Enquête canonique sur le père Thomas PHILIPPE
Frère aîné de Marie-Dominique PHILIPPE, dominicain comme lui, Thomas PHILIPPE est né en 1905. Thomas PHILIPPE est connu pour avoir crée en 1946 la communauté de « l’eau vive » à laquelle viendra se joindre Jean Vanier. Plus tard, en 1964, Jean Vanier fonde « l’Arche » à Trosly et Thomas PHILIPPE devient le prêtre de l’Arche devenant aux yeux de beaucoup le « cofondateur » de l’Arche. Sur la fin de sa vie, Thomas PHILIPPE a été recueilli par son frère dans la communauté St Jean où il est décédé en 1993. Des rumeurs ont circulé dès cette époque au sein de la communauté St Jean sur des faits d’abus sexuels dont s’était rendu coupable le propre frère du fondateur dans les premiers temps de la fondation de l’Arche.

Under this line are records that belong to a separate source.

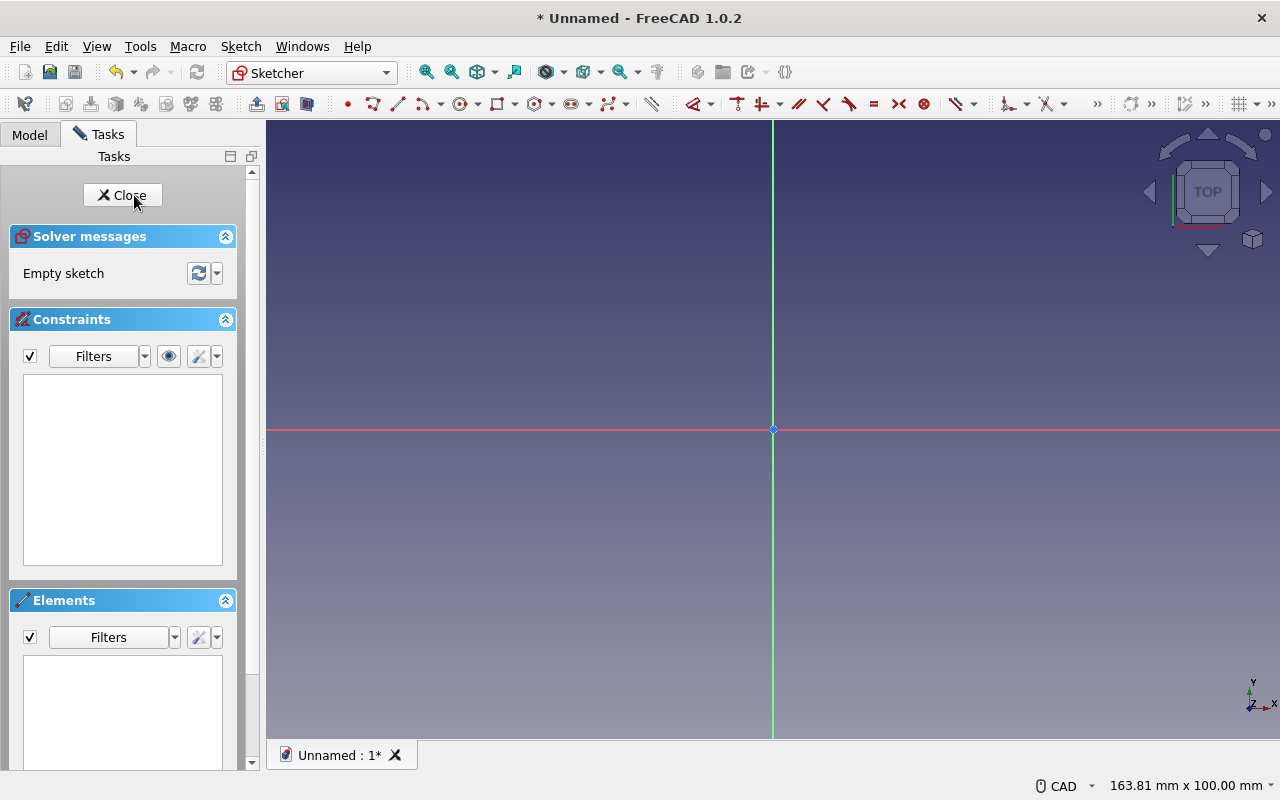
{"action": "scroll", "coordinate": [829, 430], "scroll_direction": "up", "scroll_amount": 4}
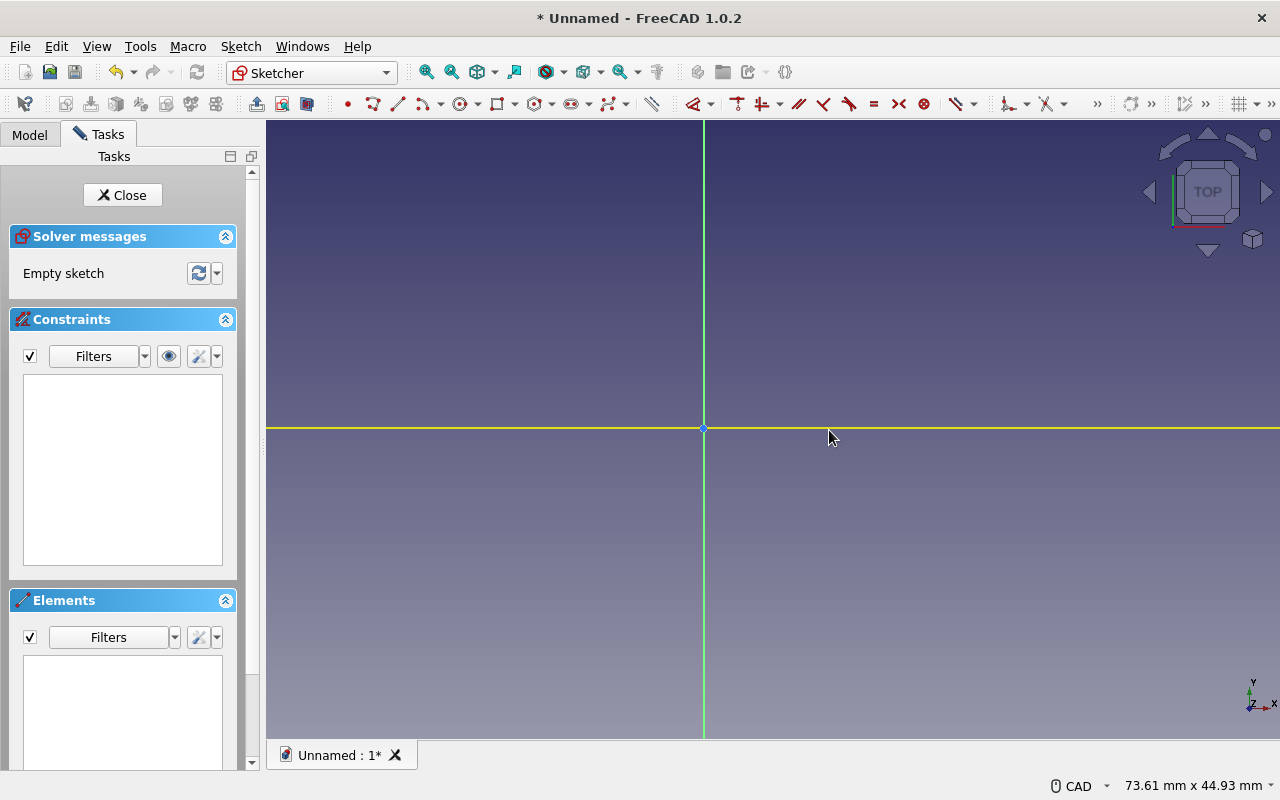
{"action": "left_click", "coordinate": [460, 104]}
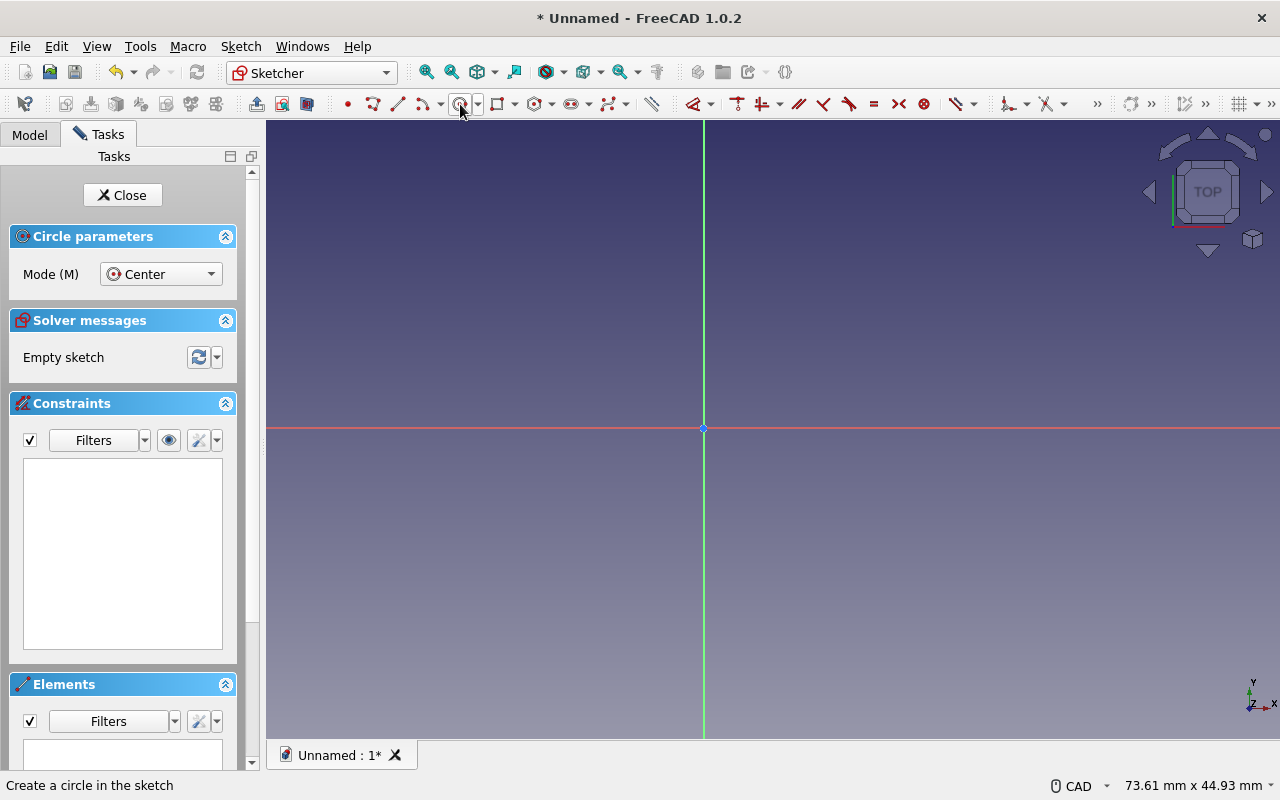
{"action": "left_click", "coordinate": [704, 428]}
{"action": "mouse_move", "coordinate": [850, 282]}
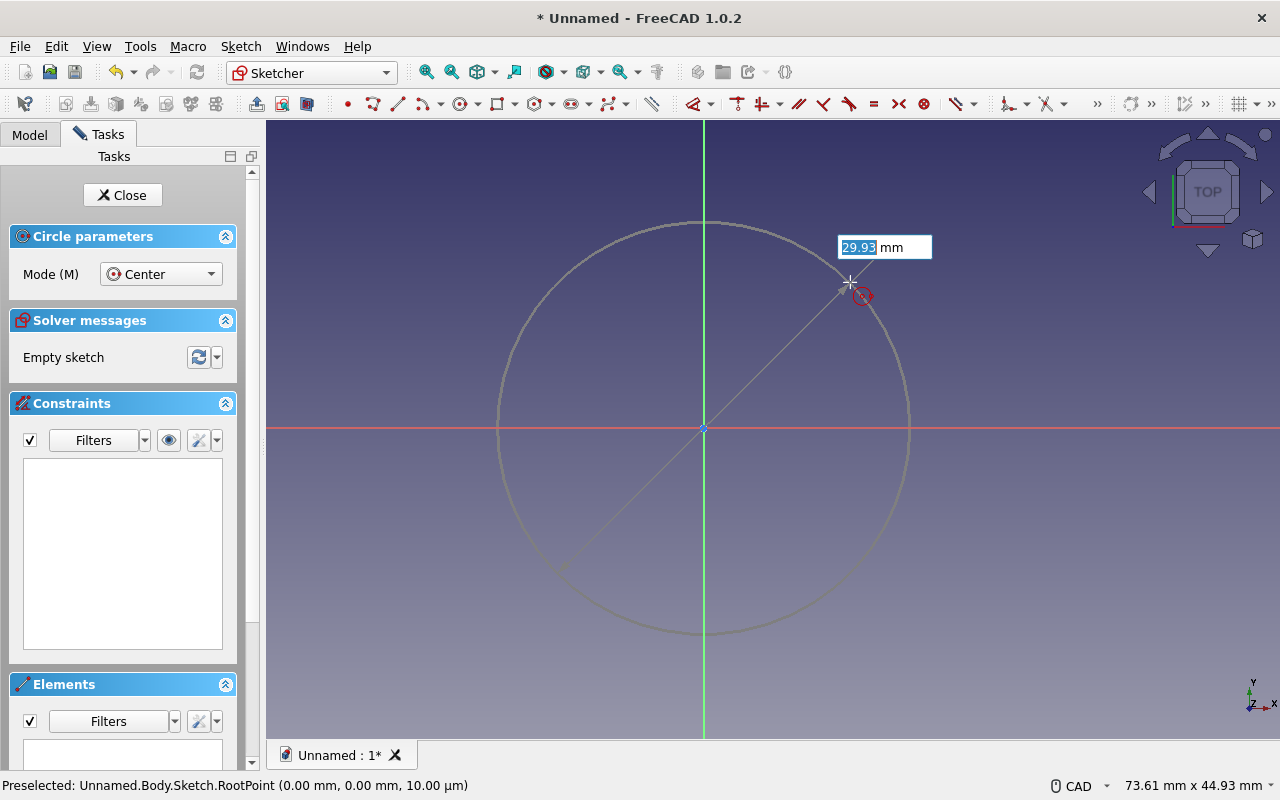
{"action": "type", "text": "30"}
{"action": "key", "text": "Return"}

Golias a appris que suite à plusieurs plaintes de victimes, le Vatican avait ouvert une enquête canonique sur le père Thomas PHILIPPE.
Fait troublant, selon une information en provenance de Rome, il existe des analogies dans les prétextes employés par les frères Marie-Dominique et Thomas PHILIPPE pour abuser de leurs victimes, prétextes tirés de la doctrine d’ « amour d’amitié ». La doctrine d’amour d’amitié élaborée par le père Marie-Dominique PHILIPPE à partir d’une analyse personnelle de textes d’Aristote et St Thomas d’Aquin est donc bien à l’origine de faits d’abus sexuels et pas seulement au sein de la communauté St Jean. Au Vatican, que ce soit au niveau de la Congrégation pour la Doctrine de la Foi comme de la Congrégation pour les Instituts de Vie Consacrée, l’inquiétude et l’embarras sont grands.
L’abandon imposé par le Vatican de la doctrine d’amour d’amitié par la communauté St Jean est la condition indispensable pour lutter à l’avenir contre le trop grand nombre d’abus sexuels. Souhaitons que telle sera la mission confiée au futur commissaire pontifical.